*REQUIRED WORK*
Exact reproduction, images excluded: write out the records below.

Stored entries
-- Opening Marker --

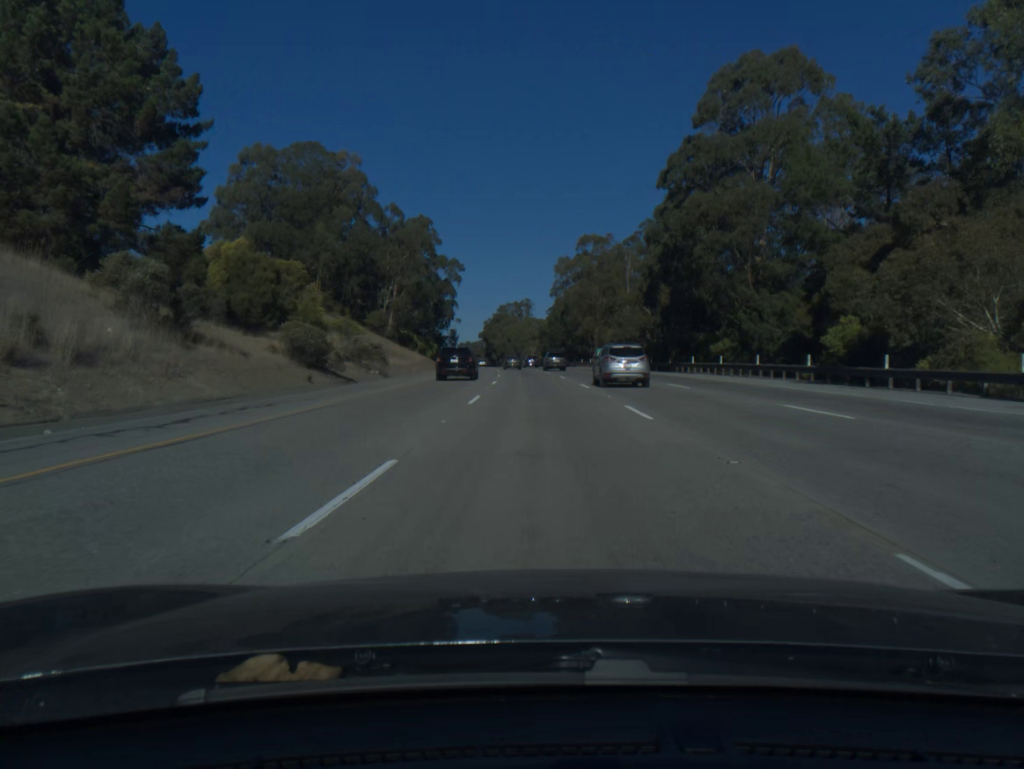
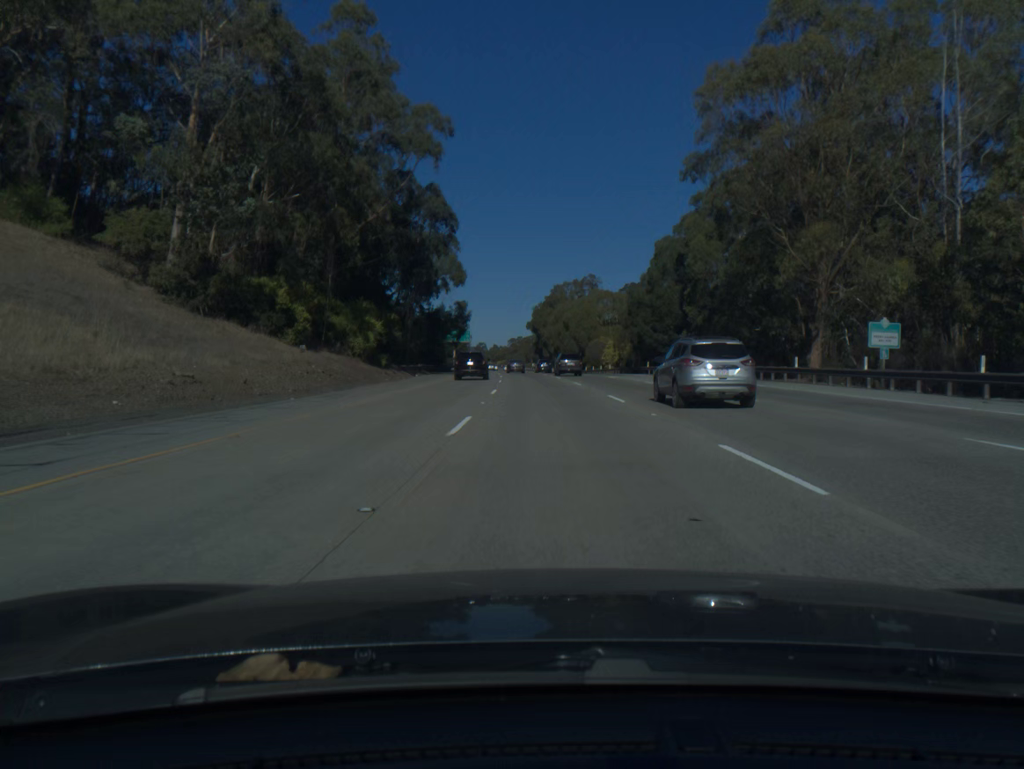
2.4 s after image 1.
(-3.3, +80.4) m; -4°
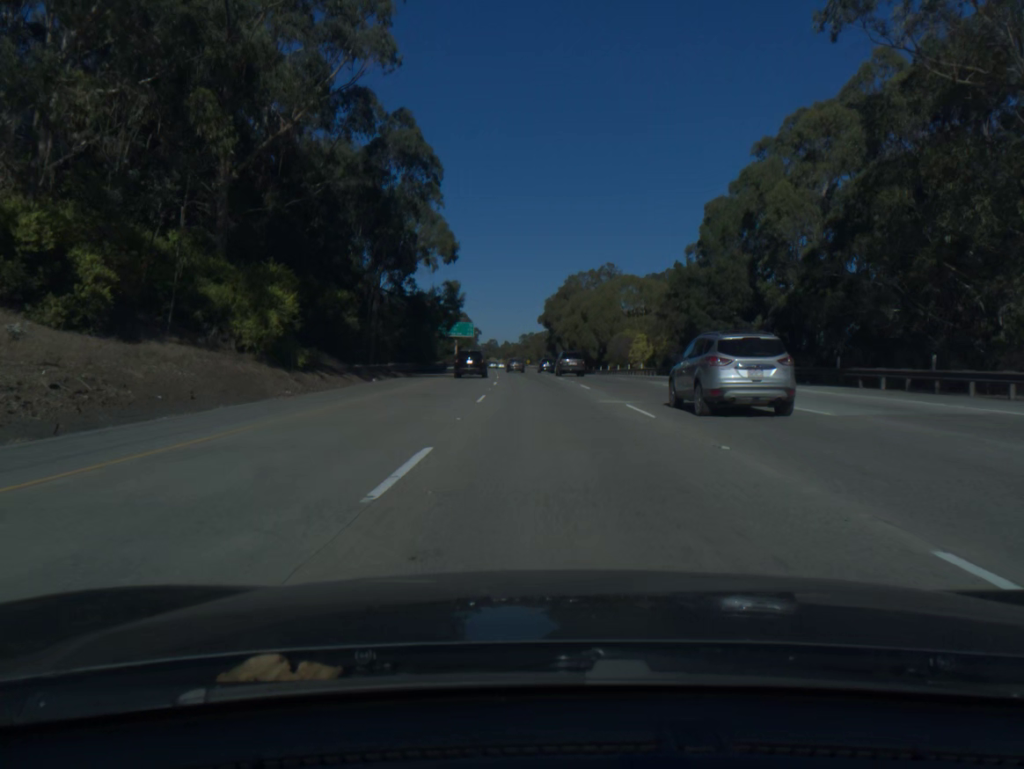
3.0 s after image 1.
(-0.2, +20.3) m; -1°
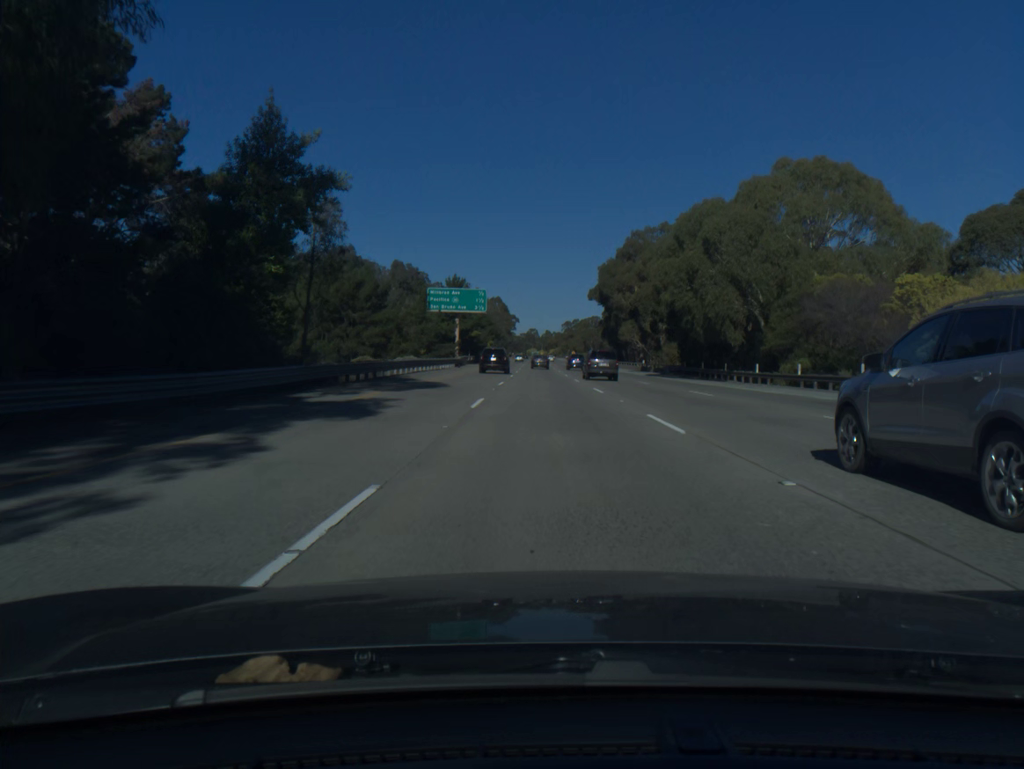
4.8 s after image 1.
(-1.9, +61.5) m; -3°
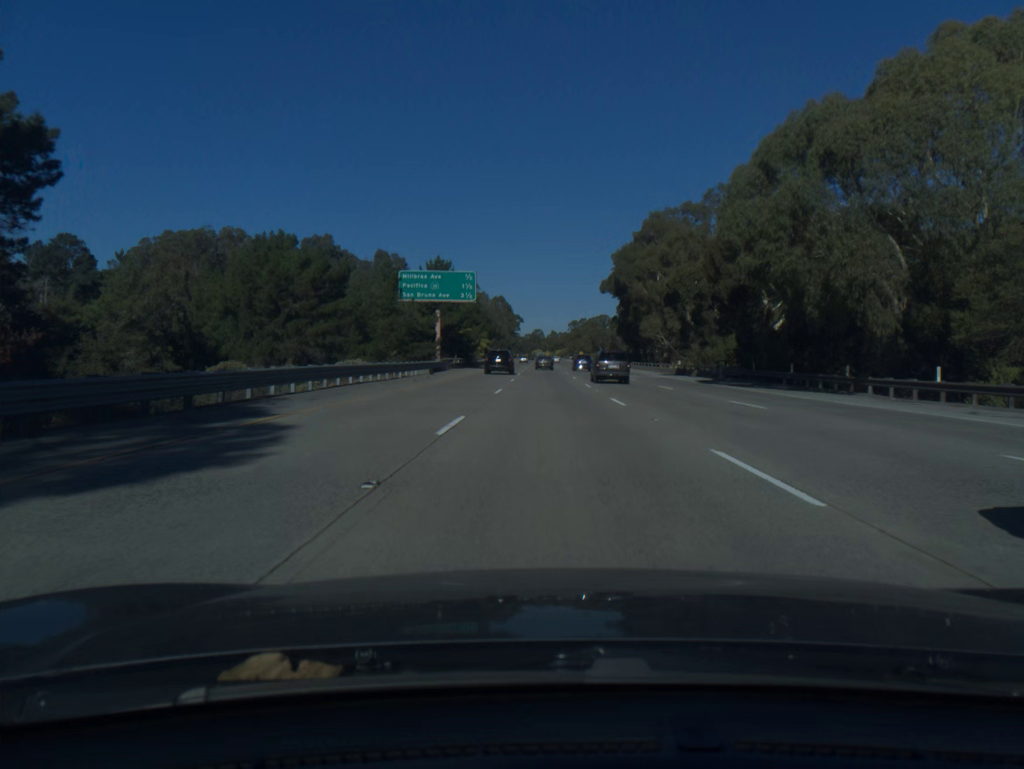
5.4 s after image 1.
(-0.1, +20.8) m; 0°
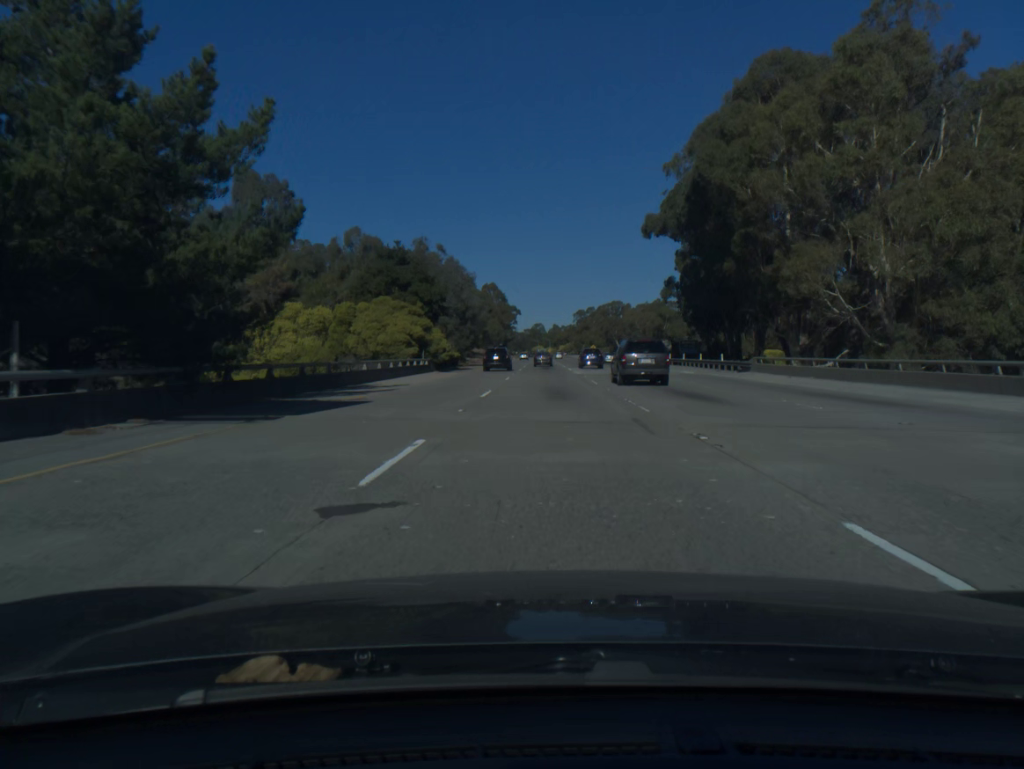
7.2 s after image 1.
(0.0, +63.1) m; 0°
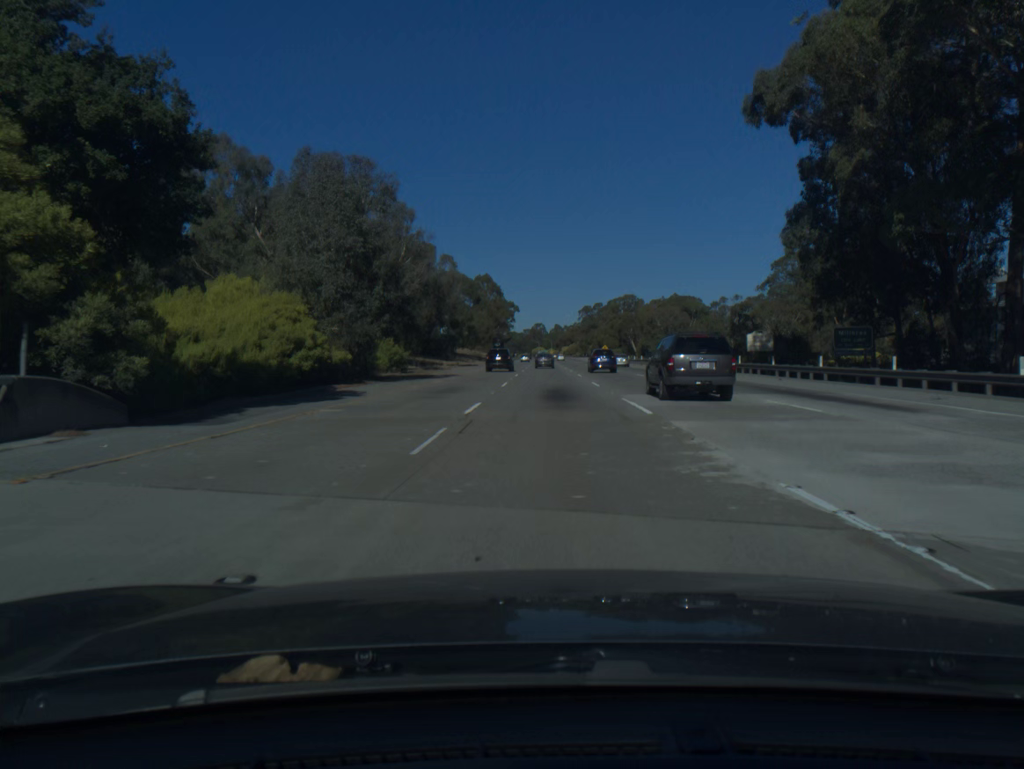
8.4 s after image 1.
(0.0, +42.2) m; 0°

-- Closing Marker --

*WRITTEN RESPONSE*
2.4 s after image 1.
(-3.3, +80.4) m; -4°
3.0 s after image 1.
(-0.2, +20.3) m; -1°
4.8 s after image 1.
(-1.9, +61.5) m; -3°
5.4 s after image 1.
(-0.1, +20.8) m; 0°
7.2 s after image 1.
(0.0, +63.1) m; 0°
8.4 s after image 1.
(0.0, +42.2) m; 0°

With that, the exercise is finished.